I think in five years, the idea of using credit or debit cards for electronic transactions will seem slightly ridiculous, sort of the way using snail mail to pay bills by check seems now.
Not every online transaction requires a chargeback. Perhaps donating to your favourite artist, author, charity would be easier in Bitcoin. And would mean you don't have to keep careful track of your spending to avoid huge interest rates from the card company.
Paying bills over the internet was easier and simpler than paying by check. Paying by credit and debit cards are easier, safer and simpler than using say Bitcoin.
There is zero chance that those cards are going anywhere. If anything the popularity of PayWave and other NFC technologies should see their use increase.
Except its now legal for merchants to tack on a surcharge for you paying with credit (as it should be).
Online merchants will absorb the cost of processing credit cards, as they aren't going to wait for a check in the mail. But physical merchants that can accept cash and are now allowed to recoup that 3%? I can see certain groups of people migrating away from plastic if it increases the cost of their goods/services in a meaningful way.

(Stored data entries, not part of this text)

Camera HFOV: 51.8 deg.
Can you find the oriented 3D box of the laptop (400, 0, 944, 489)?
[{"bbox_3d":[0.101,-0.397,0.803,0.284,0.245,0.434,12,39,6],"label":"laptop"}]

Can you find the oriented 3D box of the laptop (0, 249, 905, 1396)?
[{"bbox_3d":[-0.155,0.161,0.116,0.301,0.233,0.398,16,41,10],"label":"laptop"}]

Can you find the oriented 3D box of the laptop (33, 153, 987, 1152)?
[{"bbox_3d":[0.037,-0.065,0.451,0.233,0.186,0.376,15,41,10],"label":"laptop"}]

Adjusting for a 1% cash back that's only 2% surcharge for the ability to dispute charges, pay at the end of the month. VS: Risking a Bitcoin wallet will zero recourse if something goes wrong and an unstable currency.
The way I see it Bitcoins are not stable / safe enough for large transactions and the transaction fees on small transactions are effectively meaningless.

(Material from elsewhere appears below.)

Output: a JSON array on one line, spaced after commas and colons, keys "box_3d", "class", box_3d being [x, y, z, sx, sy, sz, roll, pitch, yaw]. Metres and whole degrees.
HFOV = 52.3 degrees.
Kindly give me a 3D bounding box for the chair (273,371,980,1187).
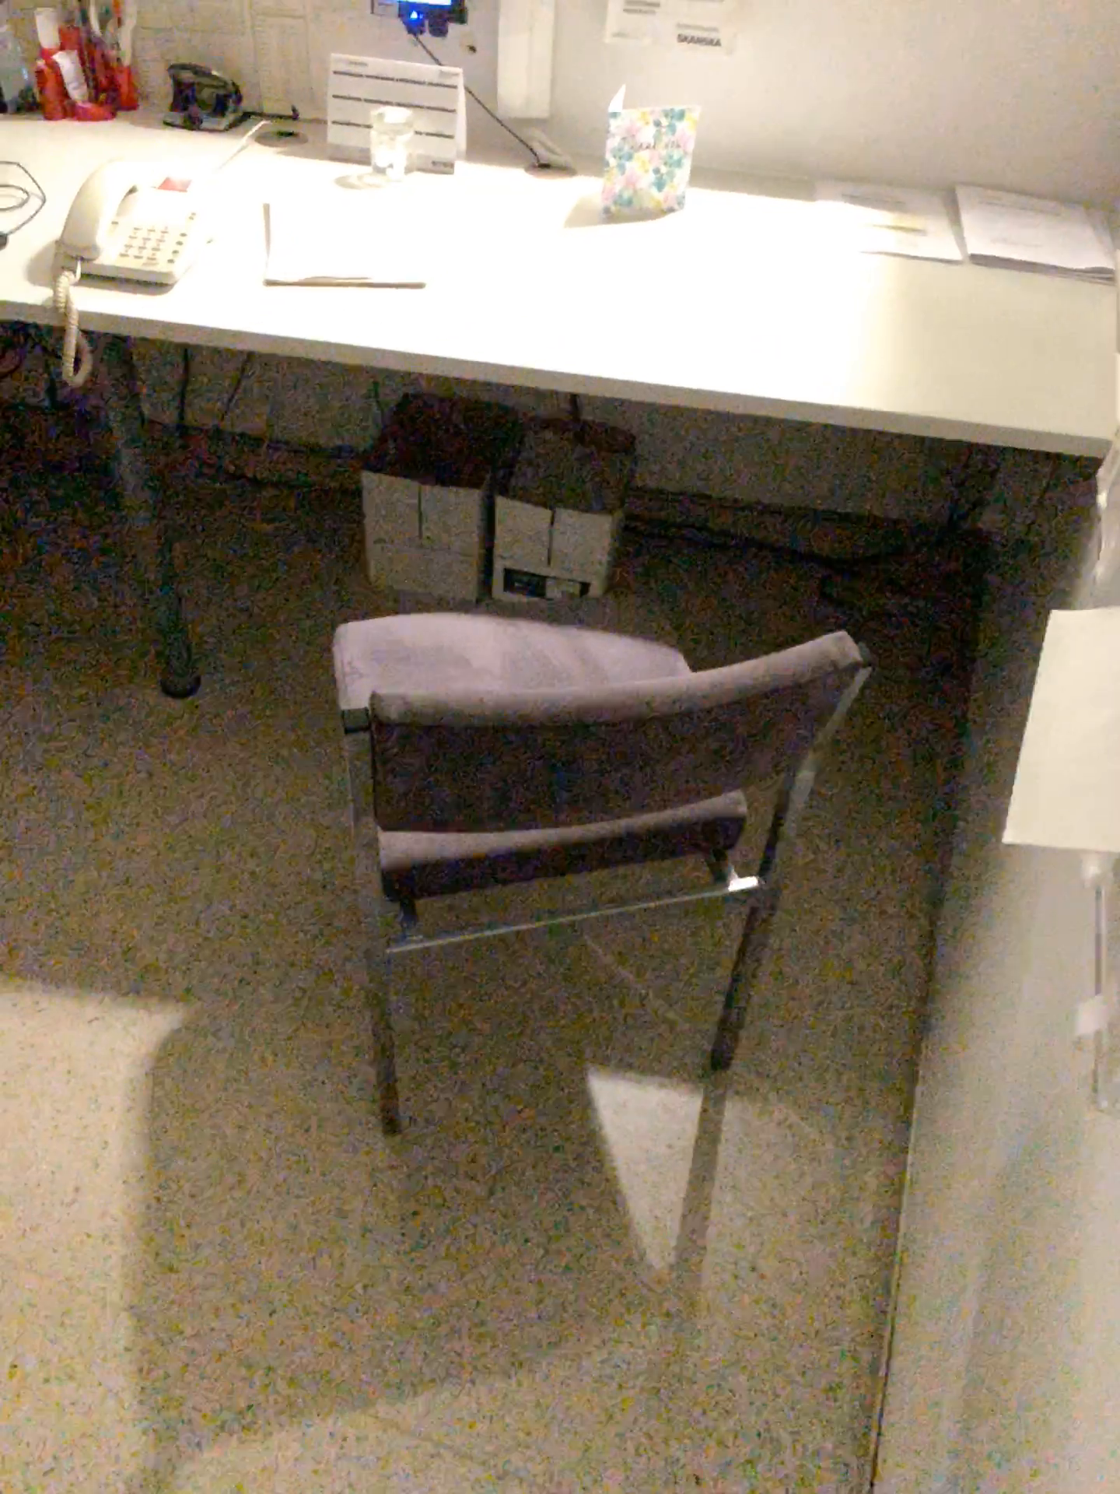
[{"box_3d": [-0.004, 0.032, 1.306, 0.540, 0.693, 0.545, -6, 44, -12], "class": "chair"}]

Almost sounds like you're confusing escrow with insurance?
Your refund would come from the middle guy entrusted to securing your funds until your goods were delivered as promised. If your goods are not delivered, or if what you ordered was nothing like what was promised, the escrow service would simply send your bitcoins back to you, instead of sending them to the merchant who tried to defraud you.
These services would likely charge a transaction fee for the service.

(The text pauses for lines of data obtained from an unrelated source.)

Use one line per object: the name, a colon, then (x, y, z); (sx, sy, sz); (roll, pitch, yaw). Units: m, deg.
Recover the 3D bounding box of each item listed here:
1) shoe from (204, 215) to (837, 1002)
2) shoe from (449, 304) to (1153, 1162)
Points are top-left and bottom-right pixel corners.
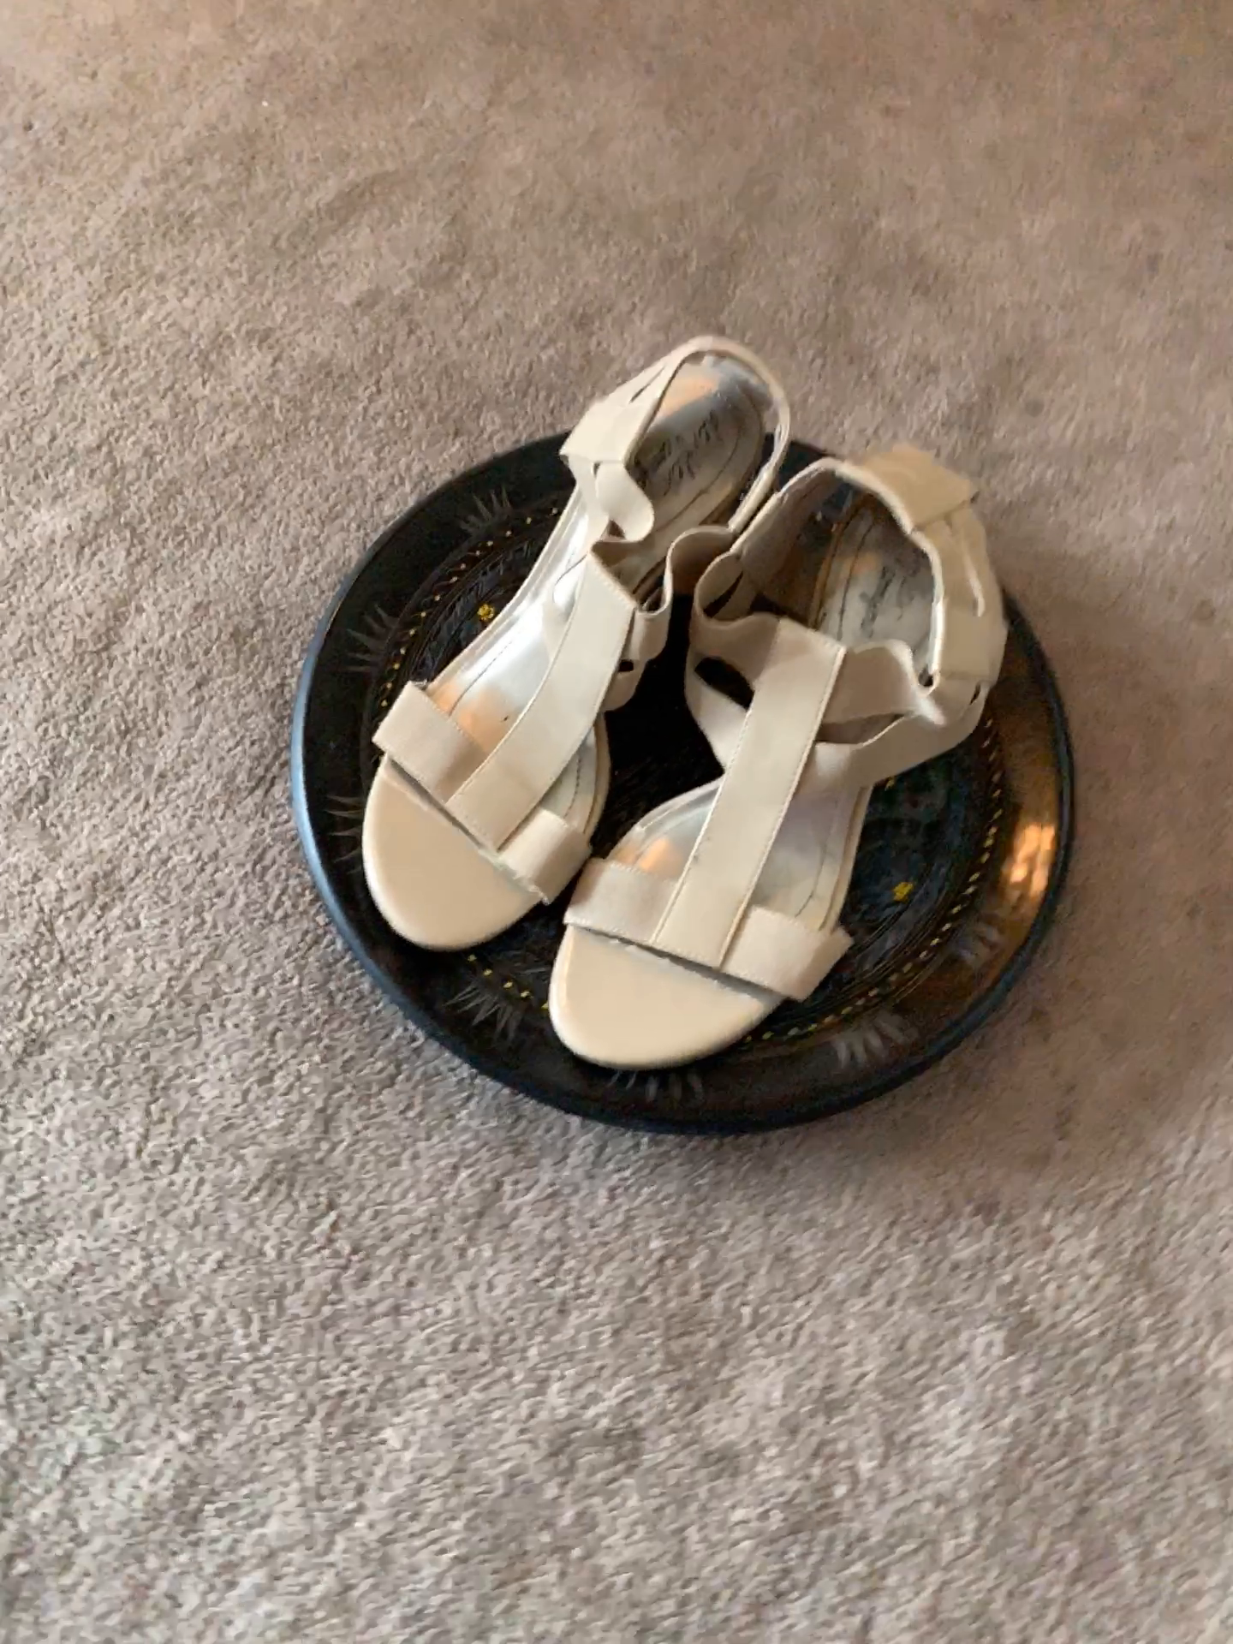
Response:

Even silk road offers an escrow service that is apparently effective enough. The scammers on silk road typically try to con you into closing the transaction before delivery of any goods, so one red flag that you may be looking at a scammer is a number of early settled transactions in their history.
If someone wanted to do something like this more mainstream, they could develop a third party bitcoin escrow service that offered an order history, rating or feedback system, and transaction comments from both parties. You could even develop a rating score formula similar to a credit score, where older accounts with more history, have higher scores, which make it much harder for scammers to use throw away accounts.
A lot of places that accept Bitcoins use BitPay and get paid in US dollars. BitPay charge a 3% fee for this service. (You can accept Bitcoins and exchange them yourself but then you take on the exchange-rate risk, which is quite substantial given how much the Bitcoin exchange rate varies.)
They must've changed it at some point and I only found outdated information, sorry. As wmf points out the total fees are actually 2.69% once you take into account the 0.99% fee for the payment gateway part.
BitPay charges a fee to accept BTC and another fee to convert to USD; these add up to 2.69%. If the customer pays Coinbase 1% to convert USD to BTC then total fees are nearly 4%.
> if it increases the cost of their goods/services in a meaningful way.
You do realise that credit cards aren't some new invention ?
The merchant costs have been factored into people's purchases for decades and there is no evidence it has caused any impact on sales. If anything the huge array of reward programs and partnerships e.g. with airlines has reinvigorated the huge of credit cards.
I just don't see anyone migrating away from credit/debit cards apart from fringe elements of society. Seems like proponents of Bitcoin live in their own world sometimes and treat the existing financial system as some competitor.